──────── Data records

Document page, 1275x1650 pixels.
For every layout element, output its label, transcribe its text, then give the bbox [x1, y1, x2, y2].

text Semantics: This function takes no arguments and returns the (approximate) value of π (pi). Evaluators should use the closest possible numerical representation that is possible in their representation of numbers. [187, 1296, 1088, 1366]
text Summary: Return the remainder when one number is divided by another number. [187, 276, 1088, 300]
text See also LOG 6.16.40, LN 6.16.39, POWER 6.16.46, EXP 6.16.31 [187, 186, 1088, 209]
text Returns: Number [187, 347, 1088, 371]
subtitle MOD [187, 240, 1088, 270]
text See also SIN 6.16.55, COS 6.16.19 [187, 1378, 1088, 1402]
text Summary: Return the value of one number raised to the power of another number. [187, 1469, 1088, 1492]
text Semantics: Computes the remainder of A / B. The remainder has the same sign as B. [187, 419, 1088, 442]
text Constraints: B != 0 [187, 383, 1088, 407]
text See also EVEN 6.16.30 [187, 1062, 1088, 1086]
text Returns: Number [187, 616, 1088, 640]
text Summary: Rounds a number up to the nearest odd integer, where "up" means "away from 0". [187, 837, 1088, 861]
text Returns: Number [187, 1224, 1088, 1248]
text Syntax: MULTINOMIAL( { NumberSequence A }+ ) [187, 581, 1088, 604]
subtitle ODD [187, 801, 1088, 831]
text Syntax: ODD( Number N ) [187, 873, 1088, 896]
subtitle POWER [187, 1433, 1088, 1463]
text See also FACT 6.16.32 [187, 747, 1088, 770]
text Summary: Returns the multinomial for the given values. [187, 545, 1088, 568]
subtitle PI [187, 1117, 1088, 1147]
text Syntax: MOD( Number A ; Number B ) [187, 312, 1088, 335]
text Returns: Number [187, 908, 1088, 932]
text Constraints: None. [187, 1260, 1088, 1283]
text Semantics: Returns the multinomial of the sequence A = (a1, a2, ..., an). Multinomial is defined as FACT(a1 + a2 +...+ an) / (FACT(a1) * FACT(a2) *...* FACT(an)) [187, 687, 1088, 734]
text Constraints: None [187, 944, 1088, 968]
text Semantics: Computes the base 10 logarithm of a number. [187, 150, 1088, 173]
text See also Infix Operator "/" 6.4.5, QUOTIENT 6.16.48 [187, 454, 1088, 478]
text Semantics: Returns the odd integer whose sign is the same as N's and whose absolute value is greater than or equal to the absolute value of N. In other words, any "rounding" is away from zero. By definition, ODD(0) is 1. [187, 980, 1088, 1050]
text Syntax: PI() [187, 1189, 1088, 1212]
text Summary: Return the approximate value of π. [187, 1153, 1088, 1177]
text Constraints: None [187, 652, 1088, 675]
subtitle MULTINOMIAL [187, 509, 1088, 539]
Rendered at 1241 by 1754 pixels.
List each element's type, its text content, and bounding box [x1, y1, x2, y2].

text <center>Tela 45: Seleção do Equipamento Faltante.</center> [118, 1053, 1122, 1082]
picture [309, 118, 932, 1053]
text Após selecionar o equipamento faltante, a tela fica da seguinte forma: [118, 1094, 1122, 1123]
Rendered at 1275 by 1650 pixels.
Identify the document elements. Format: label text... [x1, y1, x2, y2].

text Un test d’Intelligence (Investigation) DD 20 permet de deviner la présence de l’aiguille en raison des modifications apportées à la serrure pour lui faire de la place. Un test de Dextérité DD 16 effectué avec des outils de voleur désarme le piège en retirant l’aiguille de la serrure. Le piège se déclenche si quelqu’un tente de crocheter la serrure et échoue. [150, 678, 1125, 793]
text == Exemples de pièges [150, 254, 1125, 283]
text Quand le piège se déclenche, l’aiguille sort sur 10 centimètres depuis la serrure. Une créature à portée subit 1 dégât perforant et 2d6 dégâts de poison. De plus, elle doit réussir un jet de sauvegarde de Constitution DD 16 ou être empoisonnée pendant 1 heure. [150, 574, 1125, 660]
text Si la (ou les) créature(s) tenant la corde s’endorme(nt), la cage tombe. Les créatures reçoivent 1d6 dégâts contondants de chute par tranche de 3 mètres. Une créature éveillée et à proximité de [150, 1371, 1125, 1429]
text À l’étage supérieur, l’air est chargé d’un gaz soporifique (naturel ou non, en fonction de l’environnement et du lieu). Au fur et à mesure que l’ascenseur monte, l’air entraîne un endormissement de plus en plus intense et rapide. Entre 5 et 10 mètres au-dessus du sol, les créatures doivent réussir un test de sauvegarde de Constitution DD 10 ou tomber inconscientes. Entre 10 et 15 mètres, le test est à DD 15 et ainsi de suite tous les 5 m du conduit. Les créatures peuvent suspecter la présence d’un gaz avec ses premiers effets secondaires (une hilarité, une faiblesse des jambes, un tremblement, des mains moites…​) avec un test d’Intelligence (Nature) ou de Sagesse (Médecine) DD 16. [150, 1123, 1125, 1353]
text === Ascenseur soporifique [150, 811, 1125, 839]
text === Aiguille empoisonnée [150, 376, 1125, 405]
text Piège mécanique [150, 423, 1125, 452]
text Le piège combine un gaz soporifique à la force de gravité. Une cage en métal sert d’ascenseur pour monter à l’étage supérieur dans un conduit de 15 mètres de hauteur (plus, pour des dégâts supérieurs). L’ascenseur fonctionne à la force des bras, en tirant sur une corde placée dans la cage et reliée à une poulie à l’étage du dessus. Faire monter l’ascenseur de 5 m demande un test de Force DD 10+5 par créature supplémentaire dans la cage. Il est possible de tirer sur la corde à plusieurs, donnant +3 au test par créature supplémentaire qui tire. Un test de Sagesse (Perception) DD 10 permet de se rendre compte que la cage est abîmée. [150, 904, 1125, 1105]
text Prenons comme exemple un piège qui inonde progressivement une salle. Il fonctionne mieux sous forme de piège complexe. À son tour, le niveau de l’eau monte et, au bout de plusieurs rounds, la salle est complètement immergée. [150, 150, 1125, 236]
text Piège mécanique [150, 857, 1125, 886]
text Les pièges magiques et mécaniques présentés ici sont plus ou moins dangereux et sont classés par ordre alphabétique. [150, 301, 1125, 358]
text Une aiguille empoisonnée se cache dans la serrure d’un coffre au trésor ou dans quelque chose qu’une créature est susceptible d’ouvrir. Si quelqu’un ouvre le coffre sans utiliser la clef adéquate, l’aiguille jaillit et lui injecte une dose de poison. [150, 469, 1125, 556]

────────────────

Instructions to follow
Using the data above, show each line where "another" occurs.

Exercise output
text Summary: Return the remainder when one number is divided by another number. [187, 276, 1088, 300]
text Summary: Return the value of one number raised to the power of another number. [187, 1469, 1088, 1492]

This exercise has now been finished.